Rachel graduated from Stonehill College in 2013 with a Bachelor of Arts in Economics and a minor in Mathematics. She also engaged in two summers of economic research experience.
Her interest in labor economics drew her to the PhD program in Applied Economics at Northeastern University, where members of the department were conducting research similar to what she aspires to do in her career.
Here is Rachel’s Northeastern story…
“I chose the PhD program in Applied Economics at Northeastern for a number of reasons. The first reason being that Northeastern is located in Boston, where there are almost infinite professional resources for graduate students and economists. The second major deciding factor for me was the labor economics concentration of the program. During my undergraduate education, I took a course in labor economics, and I found it to be one of the most interesting courses. Because of this experience, I sought out a program with a strength in labor economics.”
Rachel’s most transformative courses were the field courses she took at the end of her coursework.
“The Labor Field Courses exposed me to great deal of important work in the field of Labor Economics, opening my eyes to the width and breadth of possibilities for research. Labor encompasses a great deal of topics, more than I had even anticipated when choosing the field. There is so much exciting work, and so many directions to look in. I was also able to learn about many econometric techniques that I had not seen in my previous economic courses. These methods are ones that I now plan to use in my own research.”
Another transformative experience for Rachel is the research that she continues to do with faculty members in the economics department.
“Being a part of a large research project allows me to get meaningful experience that will help me be a confident and experienced researcher once it is my turn to lead a project.”
The most transformative experience is ongoing – her own dissertation.
“I am now able to put all my experience and education to use, and to work on something that is my very own brain-child in a supportive environment.”

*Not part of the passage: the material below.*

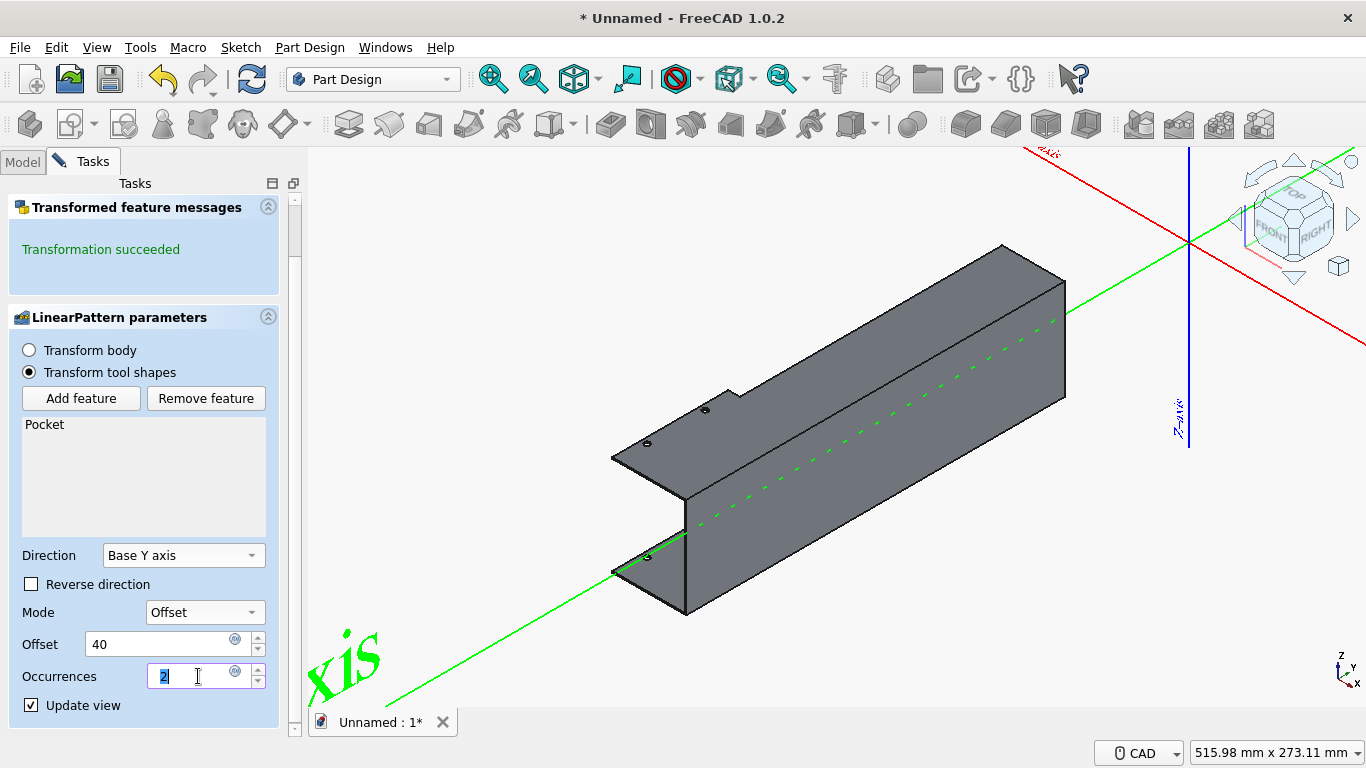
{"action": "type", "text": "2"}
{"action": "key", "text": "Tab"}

During her years at Northeastern, Rachel has gone to professional conferences and presented her own research. Most recently, she went to Washington D.C. to the 2016 Southern Economic Association Meeting and presented a paper on optimizing the use of unemployment insurance during periods of high unemployment. This paper will become a chapter in her dissertation.

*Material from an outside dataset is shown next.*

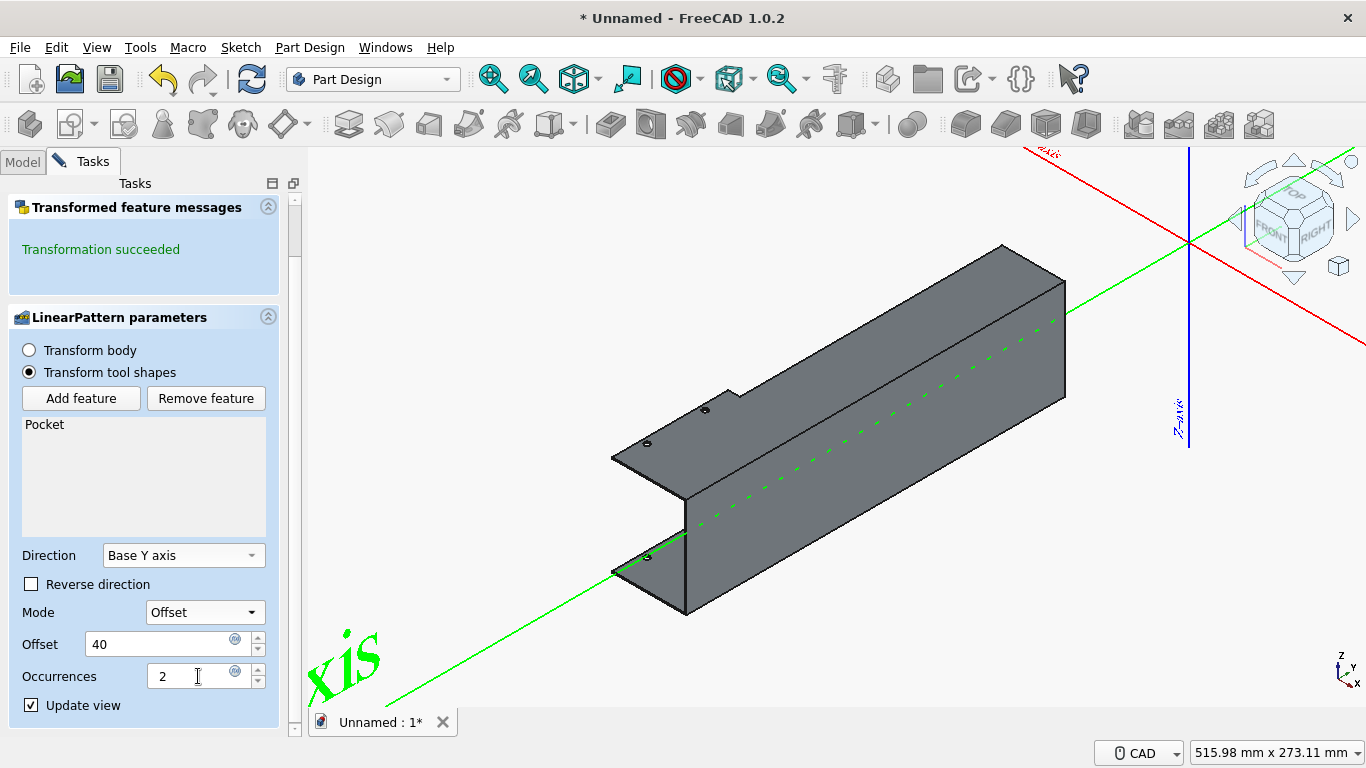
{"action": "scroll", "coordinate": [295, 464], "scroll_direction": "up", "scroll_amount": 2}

Rachel has spent her summers working for professors in the Department of Economics as a research assistant. This work exposed her to even more research topics and opportunities, and allowed her to remain on track with her own research, as well.
One recent project, “Consequences of Long-term Unemployment for Household Finances,” that Rachel worked on with NU Economics Chair William Dickens and Robert Triest (Federal Reserve) has been published in the April 2017 issue of The Russell Sage Foundation Journal of the Social Sciences.
The remainder of Rachel’s time at Northeastern will be spent on her dissertation. She will be defending her dissertation proposal in the Spring of 2019 and will then pursue her professional goals.